Fachliche Aussagen, die gesundheitsbezogene Werbung betreffen, müssen mit wissenschaftlichen Erkenntnissen belegt werden (BGH, Urteil vom 07.05.2017, Az. I ZR 29/14). Lässt sich die gesundheitsbezogene Wirkung eines Produktes nicht mit wissenschaftlichen Erkenntnissen belegen, liegt eine Irreführung vor (OLG München, Urteil vom 04.05.2023, Az. 29 U 458/22; LG Stuttgart, Urteil vom 11.01.2021, Az. 37 O 40/20 KfH).

Die Rechtsprechung hat Kriterien entwickelt, was beim Beleg von gesundheitsbezogenen Werbeaussagen durch Studien zu beachten ist (sog. Grundsatz der Zitatwahrheit).

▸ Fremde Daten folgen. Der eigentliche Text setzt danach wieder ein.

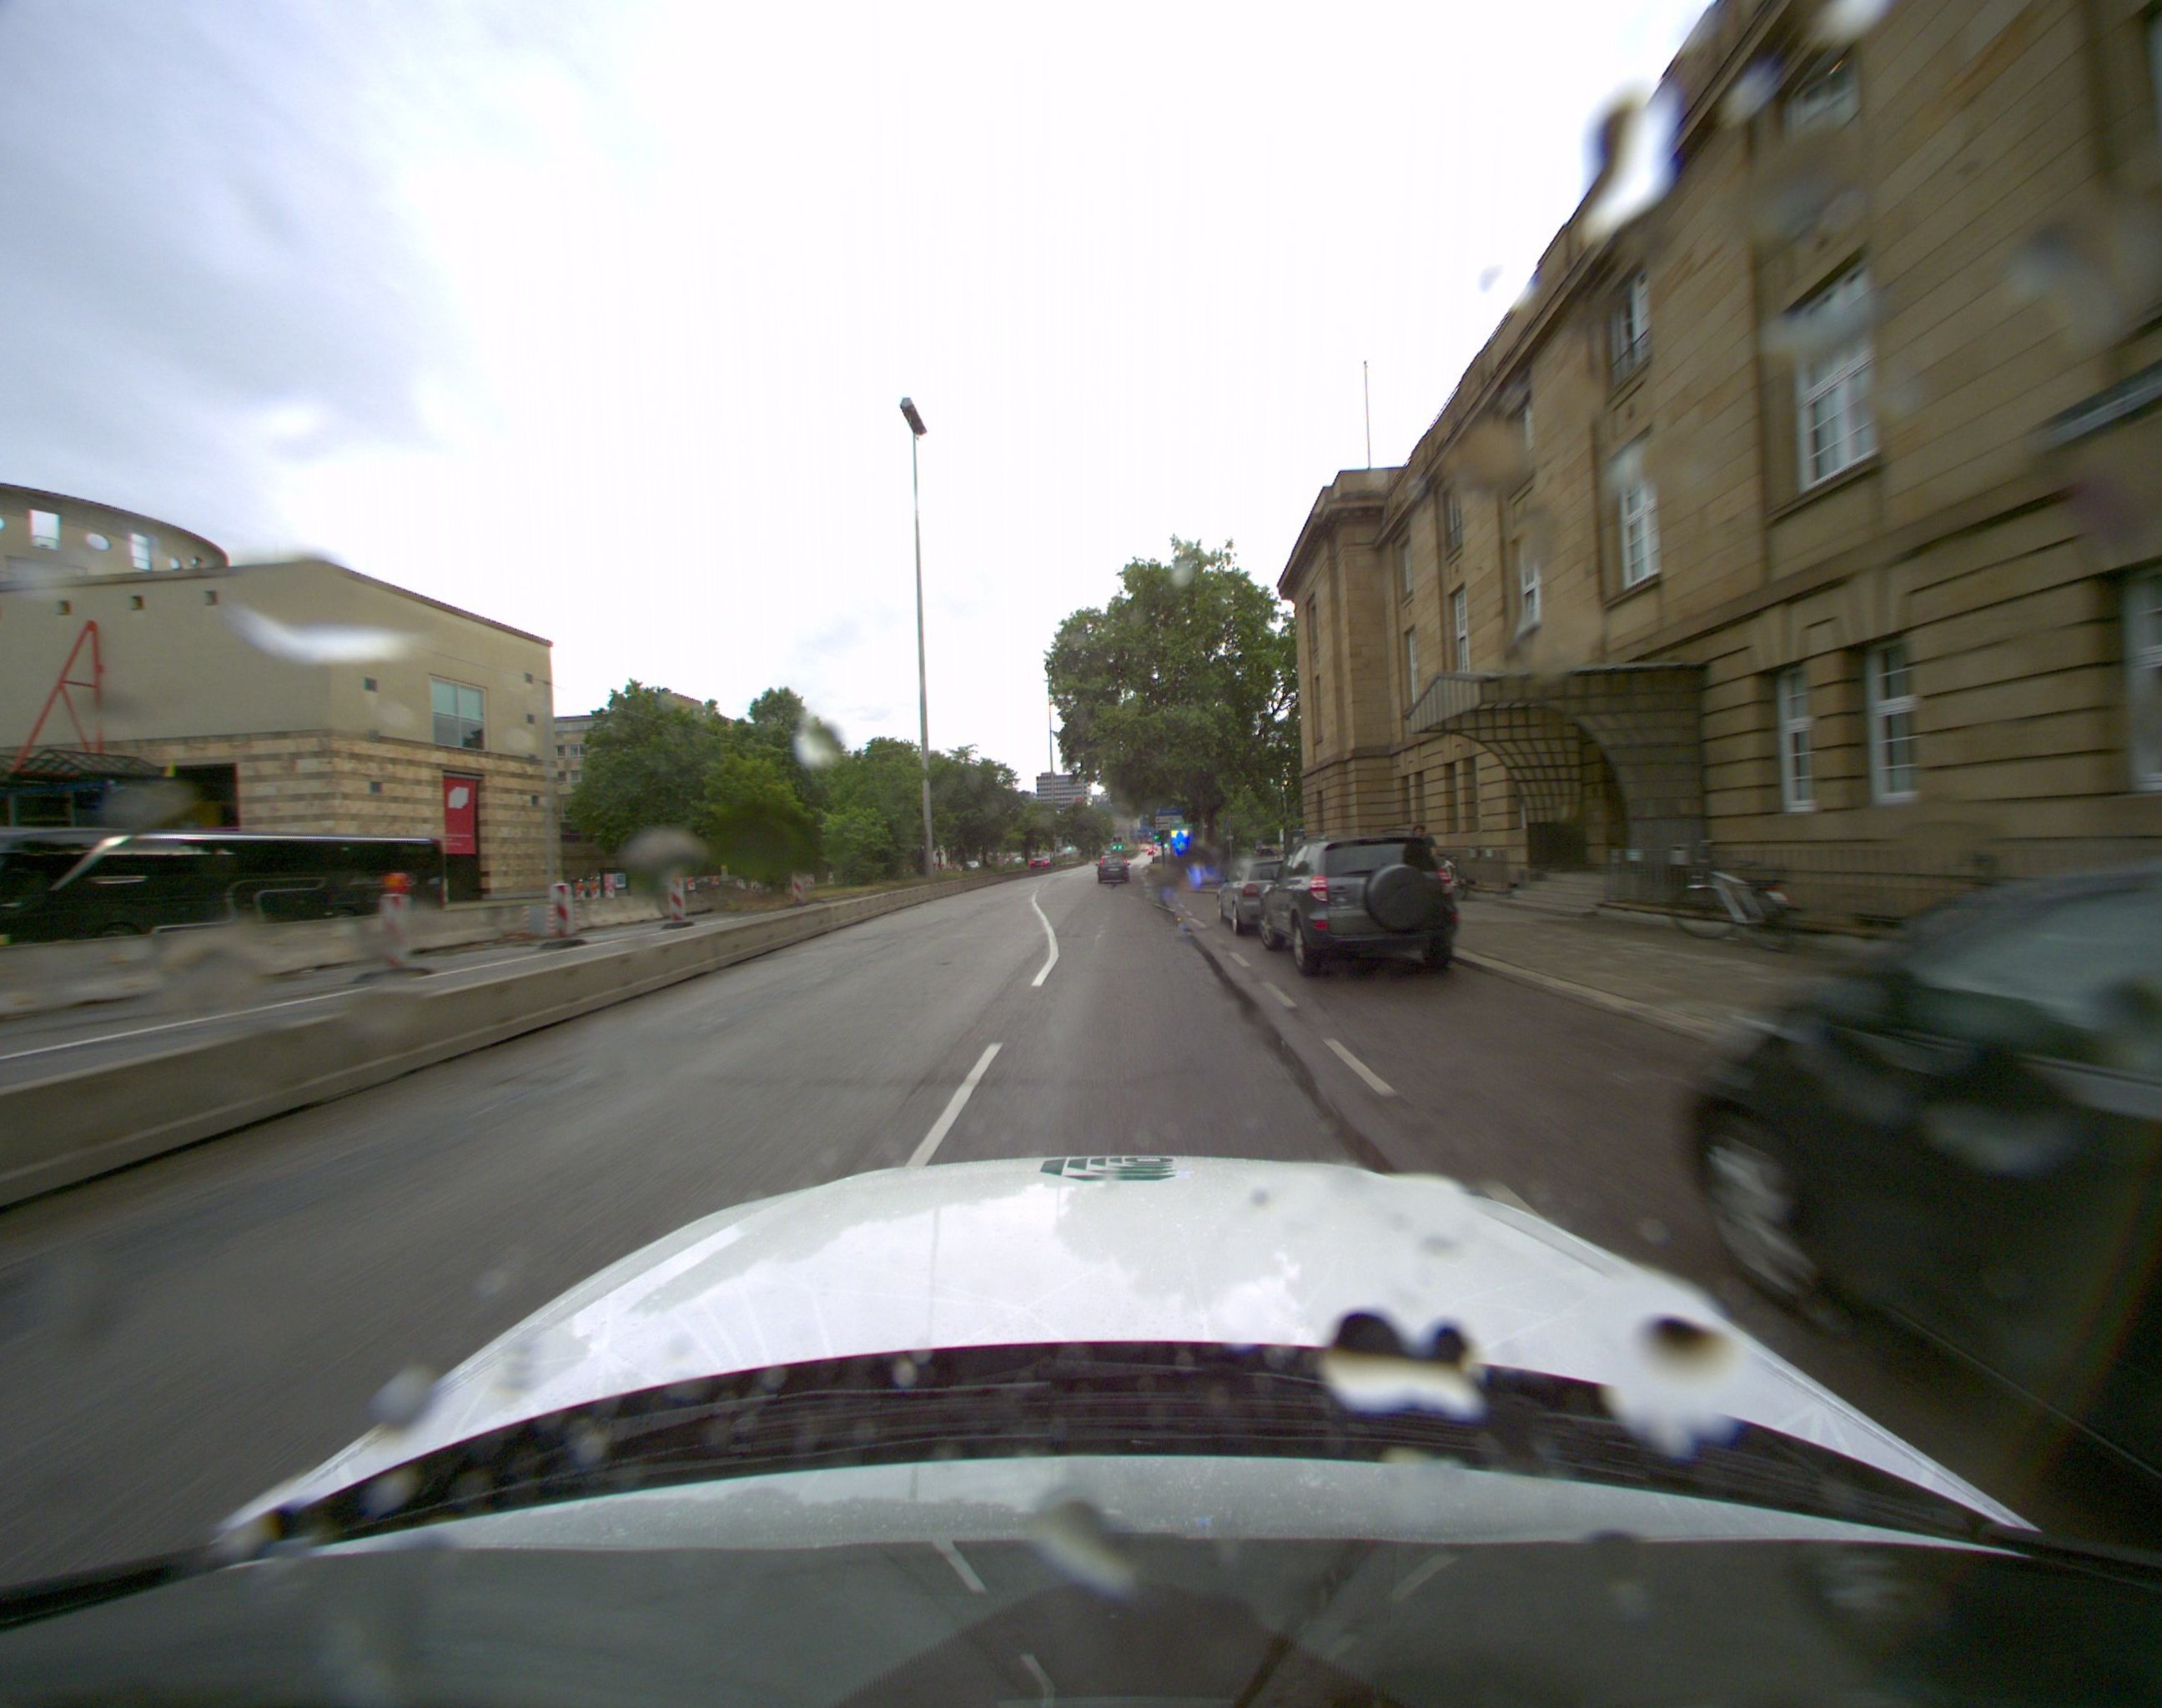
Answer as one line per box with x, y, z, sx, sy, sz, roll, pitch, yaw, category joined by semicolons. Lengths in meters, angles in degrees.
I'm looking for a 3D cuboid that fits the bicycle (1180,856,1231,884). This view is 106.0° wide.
5.098;0.664;33.391;1.978;1.060;0.759;-2;-1;0;bicycle

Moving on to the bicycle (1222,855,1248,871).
10.065;0.581;53.329;1.631;1.020;0.576;0;-1;8;bicycle

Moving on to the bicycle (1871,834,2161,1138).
4.789;0.536;3.449;0.775;1.218;1.960;-4;0;-7;bicycle

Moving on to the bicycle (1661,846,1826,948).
7.508;0.456;9.340;0.580;1.038;1.762;-2;-1;7;bicycle

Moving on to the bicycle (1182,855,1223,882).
5.213;0.606;34.881;1.671;1.090;0.651;-2;-1;5;bicycle

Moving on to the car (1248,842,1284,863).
15.413;-0.150;68.146;1.985;1.609;5.240;-2;1;3;car

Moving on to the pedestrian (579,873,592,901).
-36.831;2.433;60.543;0.475;2.014;0.512;-4;-1;4;pedestrian

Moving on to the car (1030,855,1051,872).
-3.922;0.913;78.950;1.749;1.451;3.998;-4;-1;-1;car

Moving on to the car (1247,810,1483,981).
3.458;0.468;10.837;1.984;1.781;4.195;-2;-1;5;car

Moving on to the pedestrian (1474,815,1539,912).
8.228;0.174;15.774;0.792;1.777;0.642;-5;-1;3;pedestrian

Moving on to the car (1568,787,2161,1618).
2.791;0.575;1.776;1.749;1.414;3.159;-7;-1;8;car

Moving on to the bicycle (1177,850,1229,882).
5.372;0.515;35.972;2.180;1.336;0.651;-2;-1;5;bicycle

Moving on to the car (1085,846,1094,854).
1.909;-0.964;178.102;1.987;1.632;4.000;-2;0;1;car

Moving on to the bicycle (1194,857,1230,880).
5.920;0.648;36.887;1.582;0.994;0.525;-2;0;5;bicycle

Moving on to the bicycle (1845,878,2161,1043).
7.160;0.739;6.347;0.710;1.051;1.739;-2;-1;-1;bicycle

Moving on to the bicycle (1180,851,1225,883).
5.271;0.556;35.397;1.897;1.332;0.651;-2;-1;5;bicycle

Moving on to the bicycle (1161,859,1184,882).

Ein Verstoß gegen den Grundsatz der Zitatwahrheit ist gegeben, wenn die Werbeaussage auf Studien gestützt wird, die diese Aussage nicht tragen. Das ist der Fall, wenn die angeführte Studie den Anforderungen an einen hinreichenden wissenschaftlichen Beleg nicht entspricht. Das gleiche gilt, wenn die Studie selbst von abweichenden Studienergebnissen spricht oder die Werbeaussage gar nicht für bewiesen hält. Irreführung liegt auch dann vor, wenn die Studie nur eine vorsichtige Bewertung der Ergebnisse vornimmt, die Werbung diese Einschränkung aber nicht widerspiegelt (BGH, Urteil vom 06.02.2013, Az. I ZR 62/11).

Beispiel: Wurde zwar belegt, dass ein Umfeld aus Zirbenholz, bestehend aus einem Zirbenholzzimmer und einem Zirbenholzbett, positive Auswirkungen auf Probanden hatte, das fragliche Produkt allerdings ein Zirbenholz-Raumspray ist, liegt Irreführung im Sinne des § 5 UWG vor (OLG München, Urteil vom 04.05.2023, Az. 29 U 458/22).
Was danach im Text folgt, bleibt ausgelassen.